Records for processing Start Marker

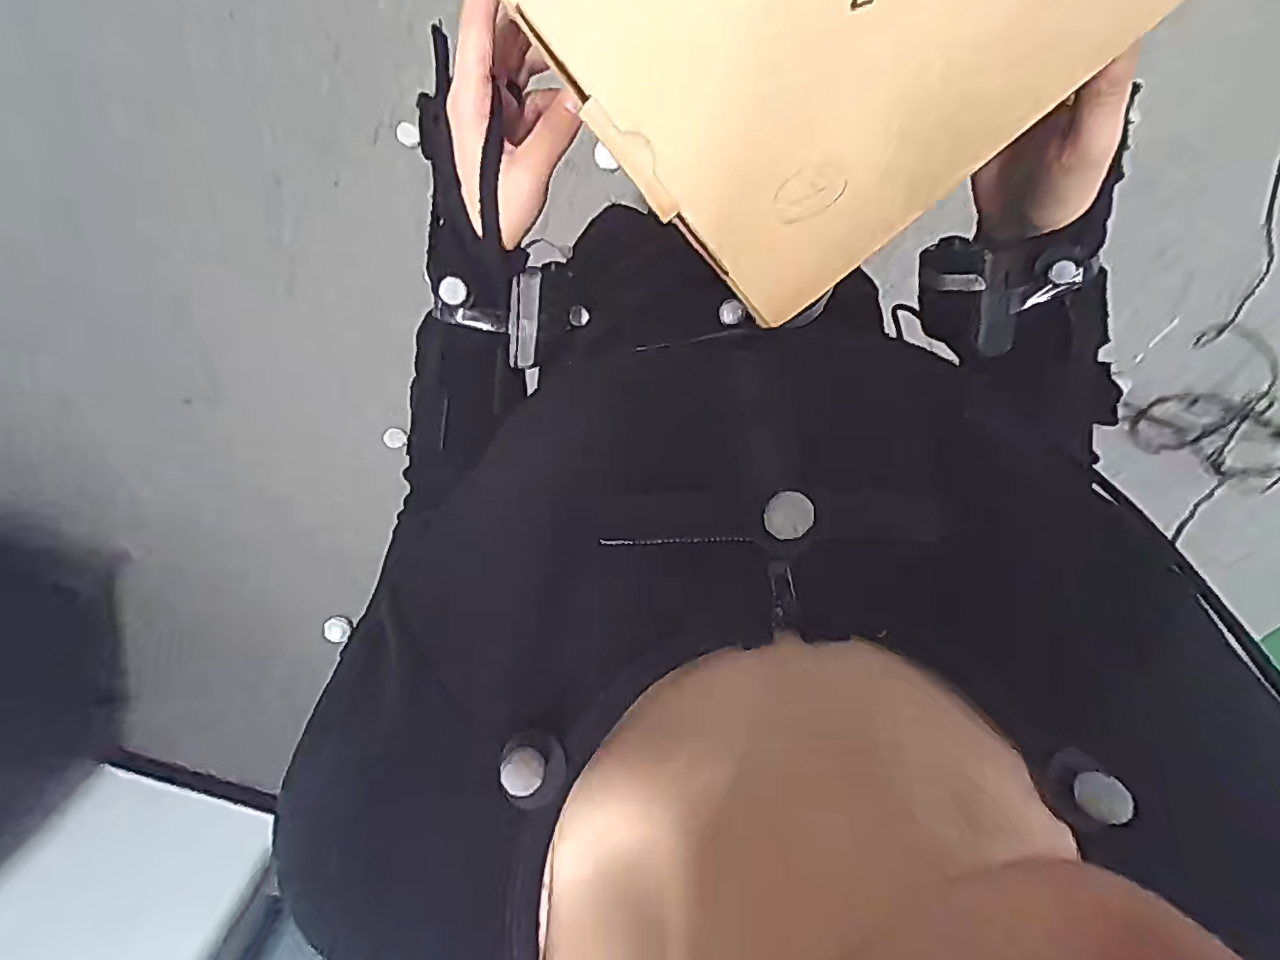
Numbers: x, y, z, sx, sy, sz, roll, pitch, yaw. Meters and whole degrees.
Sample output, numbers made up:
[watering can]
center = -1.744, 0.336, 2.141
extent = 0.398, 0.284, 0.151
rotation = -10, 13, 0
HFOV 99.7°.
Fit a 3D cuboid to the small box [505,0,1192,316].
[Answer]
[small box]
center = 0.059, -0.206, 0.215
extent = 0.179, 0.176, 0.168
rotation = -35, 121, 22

Records for processing End Marker

[Exercise brief]: The answer must be the lines above, word for word, from the first one through the line with "Fit a 3D cuboid", pictures excluded.

[Exercise solution]:
Numbers: x, y, z, sx, sy, sz, roll, pitch, yaw. Meters and whole degrees.
Sample output, numbers made up:
[watering can]
center = -1.744, 0.336, 2.141
extent = 0.398, 0.284, 0.151
rotation = -10, 13, 0
HFOV 99.7°.
Fit a 3D cuboid to the small box [505,0,1192,316].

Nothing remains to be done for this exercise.